In this recording from Naxos -- which leads other labels this year with 15 classical Grammy nominations -- Penderecki's massive orchestrations and choral gymnastics are led by Antoni Wit. The Warsaw National Philharmonic Choir and Orchestra members sound as if they'd waited all their lives to perform this frightening, devastating music. In fact, one of the most visceral connections you can make with the nightmares of Europe's last century is to hear this music. In it, you feel -- as if you could touch it -- the real darkness of the worst of communism and Nazism.
These are the sounds of hearts suffering the Kafka-chill of police-state oppression. Take the "Dies Irae," generally a hymn or chant for the dead. As the third movement in "A Polish Requiem," it's nobody's Gregorian hand-wringer. Penderecki's strings slash and claw at the air as the tenors, joined by the sopranos, bellow out a fearsome warning of "that judge whose searching light / Brings thought and word and deed to light."

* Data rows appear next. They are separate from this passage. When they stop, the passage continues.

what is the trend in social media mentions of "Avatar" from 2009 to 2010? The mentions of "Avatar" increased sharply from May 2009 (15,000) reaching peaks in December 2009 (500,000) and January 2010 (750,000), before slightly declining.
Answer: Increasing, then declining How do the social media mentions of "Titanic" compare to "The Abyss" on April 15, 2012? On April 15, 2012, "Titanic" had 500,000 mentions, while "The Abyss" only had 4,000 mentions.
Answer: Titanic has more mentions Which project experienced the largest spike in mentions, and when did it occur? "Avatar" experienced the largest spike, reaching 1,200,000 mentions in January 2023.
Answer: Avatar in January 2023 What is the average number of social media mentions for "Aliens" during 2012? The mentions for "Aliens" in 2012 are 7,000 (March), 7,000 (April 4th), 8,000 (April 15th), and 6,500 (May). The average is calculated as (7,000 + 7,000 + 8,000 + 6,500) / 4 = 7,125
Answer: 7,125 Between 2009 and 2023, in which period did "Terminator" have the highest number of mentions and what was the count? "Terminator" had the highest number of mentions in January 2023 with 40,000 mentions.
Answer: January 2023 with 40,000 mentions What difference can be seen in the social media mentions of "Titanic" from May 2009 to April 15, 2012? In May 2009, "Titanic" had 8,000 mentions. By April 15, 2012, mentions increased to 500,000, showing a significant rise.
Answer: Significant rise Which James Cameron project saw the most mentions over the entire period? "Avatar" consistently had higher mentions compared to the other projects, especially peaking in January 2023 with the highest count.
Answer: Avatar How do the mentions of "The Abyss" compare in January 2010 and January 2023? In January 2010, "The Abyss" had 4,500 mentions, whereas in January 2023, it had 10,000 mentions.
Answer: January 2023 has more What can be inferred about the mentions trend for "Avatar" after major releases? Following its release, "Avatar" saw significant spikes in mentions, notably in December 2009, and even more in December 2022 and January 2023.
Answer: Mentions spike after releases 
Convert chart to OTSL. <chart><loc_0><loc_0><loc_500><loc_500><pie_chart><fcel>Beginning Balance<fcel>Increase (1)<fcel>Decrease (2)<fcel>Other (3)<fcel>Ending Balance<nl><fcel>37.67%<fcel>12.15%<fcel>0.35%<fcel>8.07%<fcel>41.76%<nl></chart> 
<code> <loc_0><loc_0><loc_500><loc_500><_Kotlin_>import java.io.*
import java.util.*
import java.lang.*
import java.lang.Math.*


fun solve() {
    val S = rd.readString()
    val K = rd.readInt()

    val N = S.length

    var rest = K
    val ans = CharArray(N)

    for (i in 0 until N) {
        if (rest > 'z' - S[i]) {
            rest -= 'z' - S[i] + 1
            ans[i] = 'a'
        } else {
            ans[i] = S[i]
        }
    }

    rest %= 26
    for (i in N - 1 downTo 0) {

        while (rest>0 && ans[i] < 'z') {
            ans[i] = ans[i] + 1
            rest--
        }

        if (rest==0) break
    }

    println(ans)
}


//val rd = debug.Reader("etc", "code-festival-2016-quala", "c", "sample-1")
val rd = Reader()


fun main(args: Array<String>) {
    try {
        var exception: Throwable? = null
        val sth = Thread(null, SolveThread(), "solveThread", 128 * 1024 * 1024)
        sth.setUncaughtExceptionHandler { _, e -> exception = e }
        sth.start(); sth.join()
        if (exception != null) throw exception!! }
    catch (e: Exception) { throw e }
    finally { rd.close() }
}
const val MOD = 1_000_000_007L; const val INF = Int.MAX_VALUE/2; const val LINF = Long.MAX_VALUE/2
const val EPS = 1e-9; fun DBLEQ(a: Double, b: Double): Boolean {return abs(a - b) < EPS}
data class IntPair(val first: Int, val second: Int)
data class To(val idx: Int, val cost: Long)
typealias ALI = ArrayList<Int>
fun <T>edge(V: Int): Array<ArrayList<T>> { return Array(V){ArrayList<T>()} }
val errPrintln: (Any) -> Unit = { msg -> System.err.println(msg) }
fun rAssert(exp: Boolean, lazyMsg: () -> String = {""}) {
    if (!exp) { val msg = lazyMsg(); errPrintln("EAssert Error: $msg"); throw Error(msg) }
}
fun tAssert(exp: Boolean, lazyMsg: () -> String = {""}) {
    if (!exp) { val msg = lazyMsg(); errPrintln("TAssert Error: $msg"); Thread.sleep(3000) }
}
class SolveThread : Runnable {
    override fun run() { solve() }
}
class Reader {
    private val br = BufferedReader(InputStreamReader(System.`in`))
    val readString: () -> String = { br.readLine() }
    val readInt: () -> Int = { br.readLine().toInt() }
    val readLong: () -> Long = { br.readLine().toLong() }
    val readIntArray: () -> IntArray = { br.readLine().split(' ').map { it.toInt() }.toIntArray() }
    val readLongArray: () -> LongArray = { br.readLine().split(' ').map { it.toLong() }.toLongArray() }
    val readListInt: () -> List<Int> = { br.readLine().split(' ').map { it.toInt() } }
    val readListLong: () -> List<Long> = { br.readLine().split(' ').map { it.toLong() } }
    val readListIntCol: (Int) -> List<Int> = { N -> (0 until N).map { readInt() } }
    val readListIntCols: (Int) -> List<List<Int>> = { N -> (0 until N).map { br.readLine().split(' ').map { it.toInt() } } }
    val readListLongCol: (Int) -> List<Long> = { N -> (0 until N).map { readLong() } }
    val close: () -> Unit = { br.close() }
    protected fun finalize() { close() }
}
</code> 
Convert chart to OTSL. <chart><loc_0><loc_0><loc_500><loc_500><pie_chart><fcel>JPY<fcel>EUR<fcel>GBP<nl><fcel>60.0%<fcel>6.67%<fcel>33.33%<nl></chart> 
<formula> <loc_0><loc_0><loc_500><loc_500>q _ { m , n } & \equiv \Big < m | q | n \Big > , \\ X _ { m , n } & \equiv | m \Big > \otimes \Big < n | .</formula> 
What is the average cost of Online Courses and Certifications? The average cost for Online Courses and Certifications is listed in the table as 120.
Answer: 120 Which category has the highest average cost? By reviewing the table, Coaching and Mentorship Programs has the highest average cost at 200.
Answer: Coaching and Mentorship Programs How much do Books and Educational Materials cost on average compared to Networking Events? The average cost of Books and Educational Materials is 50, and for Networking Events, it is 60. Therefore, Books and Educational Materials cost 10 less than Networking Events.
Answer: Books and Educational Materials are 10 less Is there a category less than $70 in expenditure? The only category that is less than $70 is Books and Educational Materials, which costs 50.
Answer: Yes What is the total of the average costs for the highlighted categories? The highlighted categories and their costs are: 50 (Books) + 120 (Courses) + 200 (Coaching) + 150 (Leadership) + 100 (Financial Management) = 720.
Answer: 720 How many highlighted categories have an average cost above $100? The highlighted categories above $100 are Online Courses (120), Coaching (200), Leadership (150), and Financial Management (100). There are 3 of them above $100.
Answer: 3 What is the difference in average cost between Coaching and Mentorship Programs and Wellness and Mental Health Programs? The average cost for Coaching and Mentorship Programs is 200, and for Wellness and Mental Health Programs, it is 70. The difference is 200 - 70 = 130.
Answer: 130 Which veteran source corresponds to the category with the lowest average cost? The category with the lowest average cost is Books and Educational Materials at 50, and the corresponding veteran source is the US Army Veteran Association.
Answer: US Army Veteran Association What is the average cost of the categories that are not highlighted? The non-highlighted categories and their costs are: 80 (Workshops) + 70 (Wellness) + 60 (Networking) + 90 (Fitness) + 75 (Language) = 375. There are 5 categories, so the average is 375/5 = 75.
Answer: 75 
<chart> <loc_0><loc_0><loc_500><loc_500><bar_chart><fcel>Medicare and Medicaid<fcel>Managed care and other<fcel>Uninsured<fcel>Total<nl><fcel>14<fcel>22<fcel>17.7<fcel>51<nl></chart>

Those cliff-face glissandi, or cascading harmonies, are a Penderecki trademark. The "Mors stupebit" sequence opens with alto Jadwiga Rappé's despairing "Death is struck and nature quaking." It gives way to bells of alarm and stabbing military percussion under the hair-raising mayday of the choir's impassioned "Nothing unavenged remaineth." This is an Armageddon.
Penderecki's work isn't always liturgical, although much of his choral work is, including "The Passion of St. Luke" and "Utrenja: The Entombment of Christ." In his "Requiem," by the time he reaches the communion segment, "Lux aeterna," he's working in a range of nerve-scraping strings deployed by Gyorgy Ligeti, whose own "Lux aeterna" is heard in the soundtrack of Kubrick's "2001: A Space Odyssey." "I am seized with fear and trembling," the choir insists in a harrowing "Libera me, Domine" that starts in shadowy sotto voce and quickly vaults into soprano Izabella Klosinska's near-screams of panicked supplication.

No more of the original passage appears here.